Your objective:
Begin at the line that contains "Write the answer" and reproduce it along with every line after it to the end of the listing; skip any pictures.

** Dataset content follows **

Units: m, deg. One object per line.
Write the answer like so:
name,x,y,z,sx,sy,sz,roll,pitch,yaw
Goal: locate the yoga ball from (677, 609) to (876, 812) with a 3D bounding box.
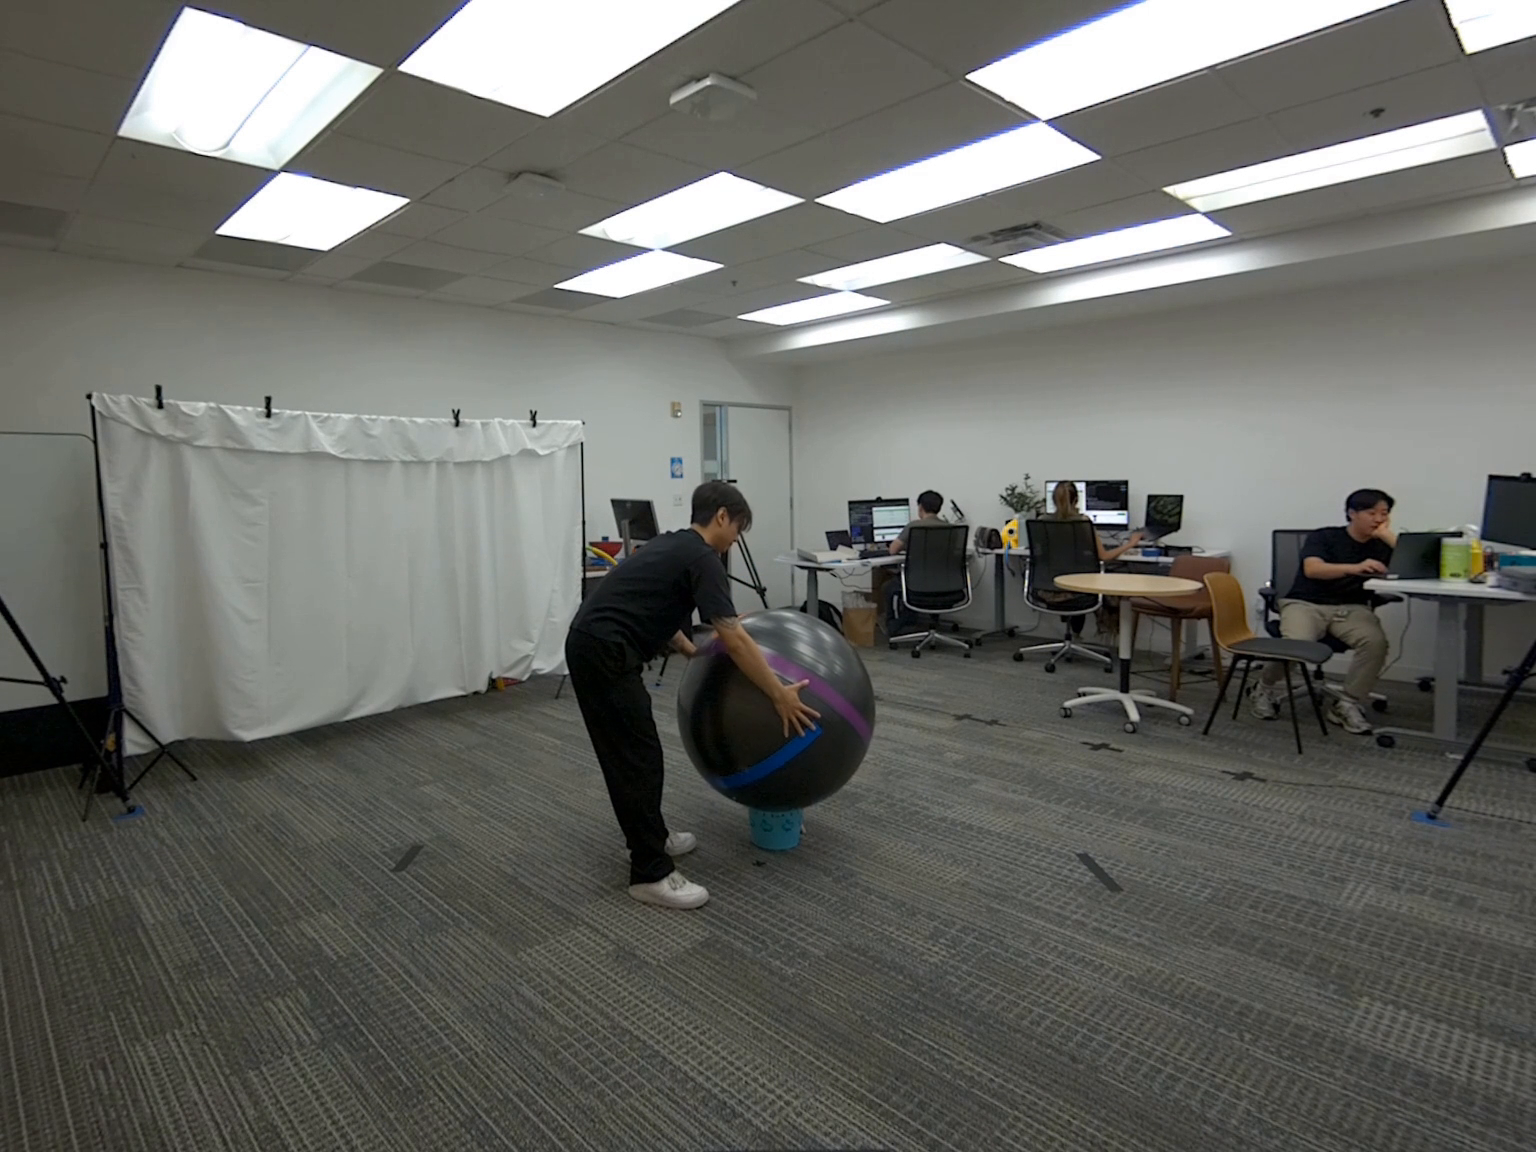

** End of Dataset content **

Expected output:
Write the answer like so:
name,x,y,z,sx,sy,sz,roll,pitch,yaw
Goal: locate the yoga ball from (677, 609) to (876, 812) with a 3D bounding box.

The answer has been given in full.